How international medical school graduates can solve the physician shortage in their hometowns

Sammie Gutierrez, MD ’22, is only one of the many St. George’s University School of Medicine graduates who are returning to their hometowns to help solve the ongoing physician shortage.  Dr. Gutierrez hopes is a first-year family medicine resident in Tennessee, one of the states expected to be hardest hit by this shortage according to the National Institutes of Health.

In a recent article published by the Commercial Appeal, Dr. Gutierrez speaks about her experience as an international medical student and why she chose to return to her hometown of Memphis after receiving her medical degree.

“When I was thinking, ‘where can you practice and really make an impact?’ Memphis is such a good city for that because we have this wealth gap. And we have such a large population of people that live at or below the poverty level, and they need family care doctors,” said Dr. Guiterrez in her quoted statement.

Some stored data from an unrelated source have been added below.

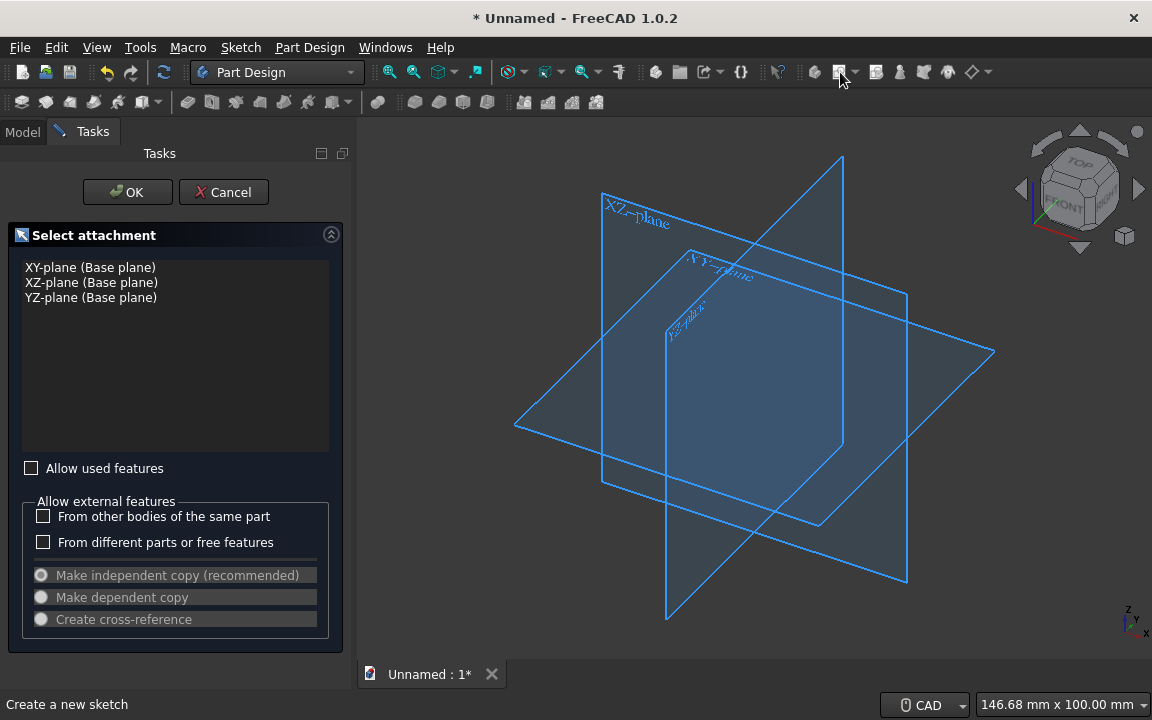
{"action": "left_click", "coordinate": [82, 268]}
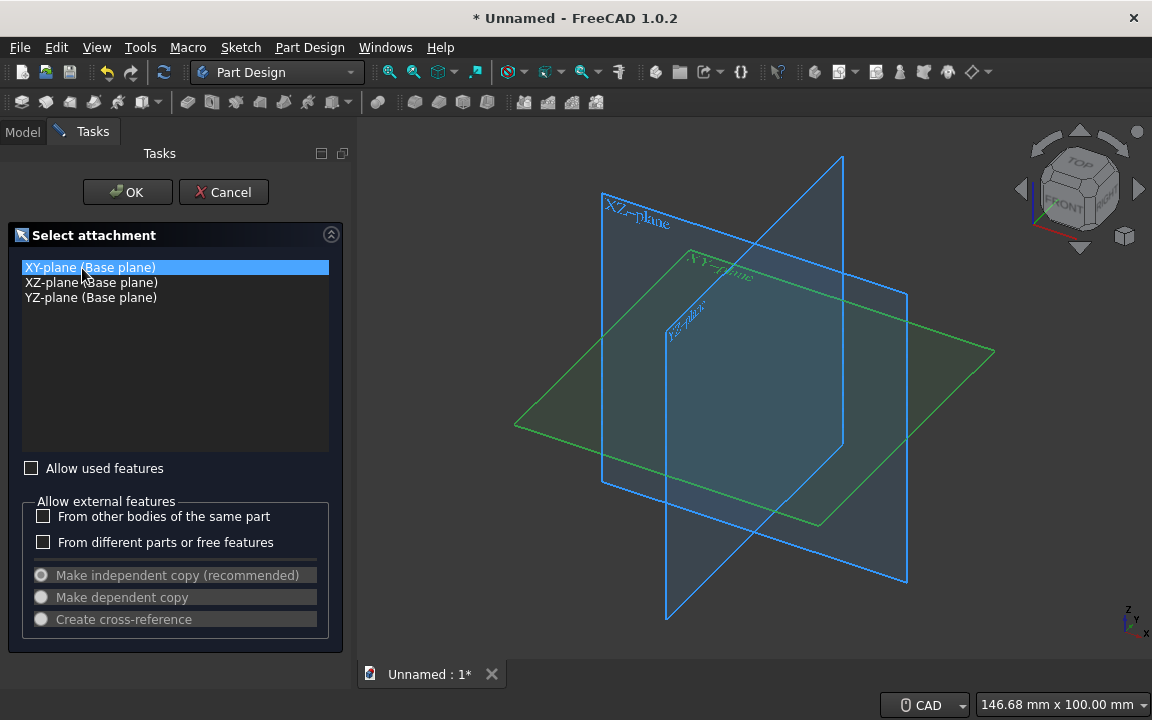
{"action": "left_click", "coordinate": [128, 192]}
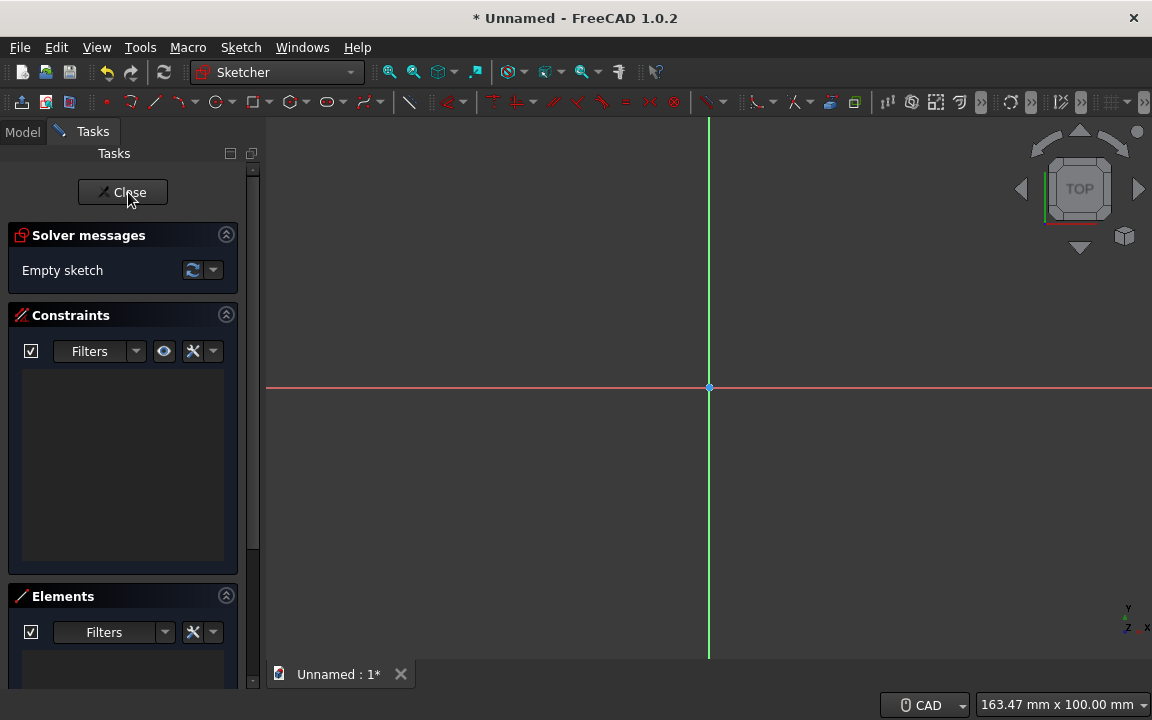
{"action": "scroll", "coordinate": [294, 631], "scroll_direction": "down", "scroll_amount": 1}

Dr. Richard Olds, president emeritus at SGU, is also quoted in the article explaining the need for international medical graduates like Dr. Guiterrez in the United States. He speaks about the need to recruit doctors who not only have excellent exam scores and grades but who also can connect with patients and belong to underserved and underrepresented populations.

“Until the United States builds enough medical schools for its own needs, and probably more important in the short run, builds more graduate medical education slots…we’re going to continue to have a fairly significant shortage,” Dr. Olds said in his quoted statement. “So this situation is going to get considerably worse. And obviously, international medical graduates are going to have to fill the void.”